[Records from a data source]
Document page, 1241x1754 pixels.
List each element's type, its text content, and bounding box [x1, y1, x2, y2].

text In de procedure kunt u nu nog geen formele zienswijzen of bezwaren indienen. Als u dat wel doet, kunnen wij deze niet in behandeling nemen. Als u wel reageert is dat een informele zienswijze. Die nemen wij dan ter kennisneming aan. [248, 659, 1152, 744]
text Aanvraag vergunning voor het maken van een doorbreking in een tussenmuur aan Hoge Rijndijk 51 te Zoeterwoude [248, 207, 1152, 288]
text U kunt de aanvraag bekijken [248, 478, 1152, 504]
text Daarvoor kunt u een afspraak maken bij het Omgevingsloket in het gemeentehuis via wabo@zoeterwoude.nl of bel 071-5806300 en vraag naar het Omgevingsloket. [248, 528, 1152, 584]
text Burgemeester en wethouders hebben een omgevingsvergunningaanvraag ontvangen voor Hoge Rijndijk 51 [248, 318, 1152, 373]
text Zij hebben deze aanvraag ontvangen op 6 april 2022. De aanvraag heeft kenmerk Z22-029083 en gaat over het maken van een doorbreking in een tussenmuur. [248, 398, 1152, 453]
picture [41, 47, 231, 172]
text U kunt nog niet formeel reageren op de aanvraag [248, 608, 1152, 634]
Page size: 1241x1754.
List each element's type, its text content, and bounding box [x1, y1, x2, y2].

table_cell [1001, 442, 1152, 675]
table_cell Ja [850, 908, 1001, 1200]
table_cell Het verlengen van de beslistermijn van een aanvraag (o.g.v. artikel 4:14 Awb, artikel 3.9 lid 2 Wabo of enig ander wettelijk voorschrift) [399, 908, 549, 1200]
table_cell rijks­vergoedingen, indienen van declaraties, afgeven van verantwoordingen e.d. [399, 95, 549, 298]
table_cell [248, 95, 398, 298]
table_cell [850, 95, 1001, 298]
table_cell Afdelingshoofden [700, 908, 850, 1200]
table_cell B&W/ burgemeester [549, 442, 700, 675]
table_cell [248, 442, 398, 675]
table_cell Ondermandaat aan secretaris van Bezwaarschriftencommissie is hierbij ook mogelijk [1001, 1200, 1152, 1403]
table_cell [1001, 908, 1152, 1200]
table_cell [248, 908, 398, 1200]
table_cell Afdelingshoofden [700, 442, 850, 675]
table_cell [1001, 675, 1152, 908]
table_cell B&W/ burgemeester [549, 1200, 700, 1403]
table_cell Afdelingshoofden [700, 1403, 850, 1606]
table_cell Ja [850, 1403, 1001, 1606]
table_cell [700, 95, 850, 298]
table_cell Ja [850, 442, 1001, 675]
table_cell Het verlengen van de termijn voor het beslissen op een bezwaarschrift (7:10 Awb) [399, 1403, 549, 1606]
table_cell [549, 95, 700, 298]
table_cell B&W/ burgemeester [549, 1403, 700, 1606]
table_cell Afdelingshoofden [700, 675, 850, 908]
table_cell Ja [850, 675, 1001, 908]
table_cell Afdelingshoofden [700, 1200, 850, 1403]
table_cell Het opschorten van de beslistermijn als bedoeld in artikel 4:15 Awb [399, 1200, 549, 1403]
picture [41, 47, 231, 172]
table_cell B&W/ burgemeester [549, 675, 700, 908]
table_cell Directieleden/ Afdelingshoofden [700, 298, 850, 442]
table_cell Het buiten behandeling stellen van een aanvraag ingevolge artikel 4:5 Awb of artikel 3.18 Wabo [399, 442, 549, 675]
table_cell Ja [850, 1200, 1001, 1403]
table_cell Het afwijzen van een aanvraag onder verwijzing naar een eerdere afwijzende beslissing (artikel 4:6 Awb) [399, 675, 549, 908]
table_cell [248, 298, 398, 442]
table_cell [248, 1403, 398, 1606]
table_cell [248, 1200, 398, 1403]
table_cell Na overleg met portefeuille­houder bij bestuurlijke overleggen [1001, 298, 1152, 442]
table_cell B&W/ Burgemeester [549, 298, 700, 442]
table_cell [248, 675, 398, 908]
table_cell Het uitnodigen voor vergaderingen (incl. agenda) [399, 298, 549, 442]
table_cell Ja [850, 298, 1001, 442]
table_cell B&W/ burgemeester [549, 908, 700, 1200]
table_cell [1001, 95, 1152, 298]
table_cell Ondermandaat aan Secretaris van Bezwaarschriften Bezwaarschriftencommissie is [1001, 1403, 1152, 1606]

ACTIVITY: Looking at the records above, return exactly the lines from the line with "table_cell Afdelingshoofden [700, 442, 850, 675]" to the line with "table_cell [248, 1200, 398, 1403]", both ends included.

RESPONSE:
table_cell Afdelingshoofden [700, 442, 850, 675]
table_cell [1001, 675, 1152, 908]
table_cell B&W/ burgemeester [549, 1200, 700, 1403]
table_cell Afdelingshoofden [700, 1403, 850, 1606]
table_cell Ja [850, 1403, 1001, 1606]
table_cell [700, 95, 850, 298]
table_cell Ja [850, 442, 1001, 675]
table_cell Het verlengen van de termijn voor het beslissen op een bezwaarschrift (7:10 Awb) [399, 1403, 549, 1606]
table_cell [549, 95, 700, 298]
table_cell B&W/ burgemeester [549, 1403, 700, 1606]
table_cell Afdelingshoofden [700, 675, 850, 908]
table_cell Ja [850, 675, 1001, 908]
table_cell Afdelingshoofden [700, 1200, 850, 1403]
table_cell Het opschorten van de beslistermijn als bedoeld in artikel 4:15 Awb [399, 1200, 549, 1403]
picture [41, 47, 231, 172]
table_cell B&W/ burgemeester [549, 675, 700, 908]
table_cell Directieleden/ Afdelingshoofden [700, 298, 850, 442]
table_cell Het buiten behandeling stellen van een aanvraag ingevolge artikel 4:5 Awb of artikel 3.18 Wabo [399, 442, 549, 675]
table_cell Ja [850, 1200, 1001, 1403]
table_cell Het afwijzen van een aanvraag onder verwijzing naar een eerdere afwijzende beslissing (artikel 4:6 Awb) [399, 675, 549, 908]
table_cell [248, 298, 398, 442]
table_cell [248, 1403, 398, 1606]
table_cell [248, 1200, 398, 1403]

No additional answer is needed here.